TITLE:
Predictive Models for Functional MRI Data
AUTHORS:
Guenadie Nibbs, Peter Bajorski
KEYWORDS:
Functional Magnetic Resonance Imaging, Regression, Logistic Regression, Linear Discriminant Analysis, Random Forest
JOURNAL NAME:
Open Journal of Statistics,
Vol.10 No.1,
January
9,
2020
ABSTRACT: In this
study, we analyze brain activity data describing functional magnetic resonance
imaging (MRI) imaging of 820 subjects with each subject being scanned at 4
different times. This multiple scanning gives us an opportunity to observe the
consistency of imaging characteristics within the subjects as compared to the
variability across the subjects. The most consistent characteristics are then
used for the purpose of predicting subjects’ traits. We concentrate on four
predictive methods (Regression, Logistic Regression, Linear Discriminant
Analysis and Random Forest) in order to
predict subjects’ traits such as gender and age based on the brain activities observed
between brain regions.
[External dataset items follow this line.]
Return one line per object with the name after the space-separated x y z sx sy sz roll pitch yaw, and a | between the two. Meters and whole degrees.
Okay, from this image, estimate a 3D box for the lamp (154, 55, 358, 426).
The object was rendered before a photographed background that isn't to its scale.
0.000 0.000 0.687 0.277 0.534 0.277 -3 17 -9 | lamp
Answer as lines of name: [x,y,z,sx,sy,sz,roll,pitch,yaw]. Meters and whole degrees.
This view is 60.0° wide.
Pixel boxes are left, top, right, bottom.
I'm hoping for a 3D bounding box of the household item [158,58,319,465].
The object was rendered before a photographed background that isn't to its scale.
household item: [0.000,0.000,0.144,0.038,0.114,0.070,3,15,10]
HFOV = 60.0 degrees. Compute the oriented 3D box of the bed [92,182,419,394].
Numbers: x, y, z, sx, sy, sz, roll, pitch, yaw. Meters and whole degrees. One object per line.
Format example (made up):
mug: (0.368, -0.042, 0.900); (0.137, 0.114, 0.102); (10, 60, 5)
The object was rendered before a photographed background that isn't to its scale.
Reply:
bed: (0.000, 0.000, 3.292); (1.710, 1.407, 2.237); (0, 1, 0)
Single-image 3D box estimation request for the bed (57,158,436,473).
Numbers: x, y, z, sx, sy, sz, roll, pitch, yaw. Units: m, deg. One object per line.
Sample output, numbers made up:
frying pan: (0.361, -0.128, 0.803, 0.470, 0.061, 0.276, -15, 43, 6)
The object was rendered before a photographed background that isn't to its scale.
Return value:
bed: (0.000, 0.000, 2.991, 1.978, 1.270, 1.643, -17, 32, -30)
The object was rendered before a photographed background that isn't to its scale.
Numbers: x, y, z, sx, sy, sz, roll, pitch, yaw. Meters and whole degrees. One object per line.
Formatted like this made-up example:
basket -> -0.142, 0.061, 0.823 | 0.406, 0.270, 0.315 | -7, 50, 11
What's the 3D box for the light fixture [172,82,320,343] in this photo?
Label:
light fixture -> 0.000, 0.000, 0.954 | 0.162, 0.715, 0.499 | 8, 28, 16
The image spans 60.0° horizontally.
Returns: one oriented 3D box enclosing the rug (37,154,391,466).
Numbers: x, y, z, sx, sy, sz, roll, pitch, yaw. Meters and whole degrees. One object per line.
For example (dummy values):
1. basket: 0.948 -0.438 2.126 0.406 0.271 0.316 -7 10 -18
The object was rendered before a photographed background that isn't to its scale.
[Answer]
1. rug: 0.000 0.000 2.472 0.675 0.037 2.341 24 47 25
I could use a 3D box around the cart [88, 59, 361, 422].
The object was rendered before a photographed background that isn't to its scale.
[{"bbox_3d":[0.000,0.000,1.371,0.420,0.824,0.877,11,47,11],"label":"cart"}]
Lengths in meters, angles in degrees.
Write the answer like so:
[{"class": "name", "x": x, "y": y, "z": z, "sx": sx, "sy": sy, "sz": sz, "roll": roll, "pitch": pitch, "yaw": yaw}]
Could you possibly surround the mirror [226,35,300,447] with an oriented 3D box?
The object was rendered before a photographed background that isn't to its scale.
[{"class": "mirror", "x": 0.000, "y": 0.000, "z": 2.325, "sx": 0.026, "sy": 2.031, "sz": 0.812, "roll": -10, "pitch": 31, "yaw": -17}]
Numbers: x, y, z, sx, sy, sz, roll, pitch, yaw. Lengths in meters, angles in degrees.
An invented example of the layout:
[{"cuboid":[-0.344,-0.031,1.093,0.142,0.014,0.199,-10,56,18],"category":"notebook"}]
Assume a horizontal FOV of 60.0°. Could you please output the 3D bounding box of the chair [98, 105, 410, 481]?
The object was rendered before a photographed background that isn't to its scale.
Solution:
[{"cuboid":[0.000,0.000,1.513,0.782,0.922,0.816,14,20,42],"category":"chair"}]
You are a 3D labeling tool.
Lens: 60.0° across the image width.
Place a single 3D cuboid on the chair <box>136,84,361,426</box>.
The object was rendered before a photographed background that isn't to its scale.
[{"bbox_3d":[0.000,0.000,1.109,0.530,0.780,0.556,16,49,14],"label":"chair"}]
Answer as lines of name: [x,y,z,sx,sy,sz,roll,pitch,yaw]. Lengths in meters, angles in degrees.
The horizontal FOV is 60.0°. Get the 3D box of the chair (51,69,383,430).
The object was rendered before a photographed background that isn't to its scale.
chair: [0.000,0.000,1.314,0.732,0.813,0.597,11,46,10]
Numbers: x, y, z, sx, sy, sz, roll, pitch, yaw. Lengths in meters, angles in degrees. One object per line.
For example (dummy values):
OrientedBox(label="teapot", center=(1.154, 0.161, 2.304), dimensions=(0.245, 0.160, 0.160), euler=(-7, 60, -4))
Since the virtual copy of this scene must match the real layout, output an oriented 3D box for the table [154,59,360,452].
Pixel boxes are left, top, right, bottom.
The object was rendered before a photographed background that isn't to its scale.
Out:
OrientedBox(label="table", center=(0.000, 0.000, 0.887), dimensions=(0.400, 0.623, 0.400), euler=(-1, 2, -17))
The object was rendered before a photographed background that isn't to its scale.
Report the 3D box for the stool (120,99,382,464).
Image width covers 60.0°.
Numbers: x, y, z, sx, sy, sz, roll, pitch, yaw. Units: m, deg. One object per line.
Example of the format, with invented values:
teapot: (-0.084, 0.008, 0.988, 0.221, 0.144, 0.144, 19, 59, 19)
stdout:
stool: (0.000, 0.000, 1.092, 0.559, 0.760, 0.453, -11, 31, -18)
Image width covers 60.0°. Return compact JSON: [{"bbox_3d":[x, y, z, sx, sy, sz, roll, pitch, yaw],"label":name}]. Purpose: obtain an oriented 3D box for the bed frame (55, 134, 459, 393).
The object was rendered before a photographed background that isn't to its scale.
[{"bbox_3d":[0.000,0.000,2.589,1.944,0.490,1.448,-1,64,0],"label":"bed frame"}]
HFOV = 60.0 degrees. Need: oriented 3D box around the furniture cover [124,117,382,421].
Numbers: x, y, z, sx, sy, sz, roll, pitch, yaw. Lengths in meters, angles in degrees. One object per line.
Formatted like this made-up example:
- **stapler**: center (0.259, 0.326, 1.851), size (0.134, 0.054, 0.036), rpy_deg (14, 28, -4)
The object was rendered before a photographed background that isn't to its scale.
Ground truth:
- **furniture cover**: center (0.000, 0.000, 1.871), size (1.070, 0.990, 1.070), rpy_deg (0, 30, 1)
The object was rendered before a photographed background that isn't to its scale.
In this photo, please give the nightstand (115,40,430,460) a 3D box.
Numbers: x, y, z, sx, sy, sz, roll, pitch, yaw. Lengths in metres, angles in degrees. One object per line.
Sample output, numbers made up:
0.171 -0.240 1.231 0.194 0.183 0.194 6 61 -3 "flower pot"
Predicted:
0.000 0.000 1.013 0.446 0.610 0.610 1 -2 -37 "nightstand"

Those predictions are done based on the adjusted
communication activity among the brain regions, as assessed from 4 scans of
each subject. Due to a large number of such communications among the 116 brain
regions, we performed a preliminary selection of the most promising pairs of
brain regions. Logistic Regression performed best in classifying the subject gender based on communication activity
among the brain regions. The accuracy rate was 85.6 percent for an AIC
step-wise selected Logistic Regression model. On the other hand, the Logistic
Regression model maintaining the entire set of ranked predictor was capable of getting an 87.7 percent accuracy rate. It is
interesting to point out that the model with the AIC selected features was
better classifying males, whereas the complete ranked model was better classifying
females. The Random Forest technique performed best for prediction of age
(grouped within five categories as provided by the original data) with 48.8 percent accuracy rate. Any set of
predictors between 200 and 1600 was presenting similar rates of accuracy.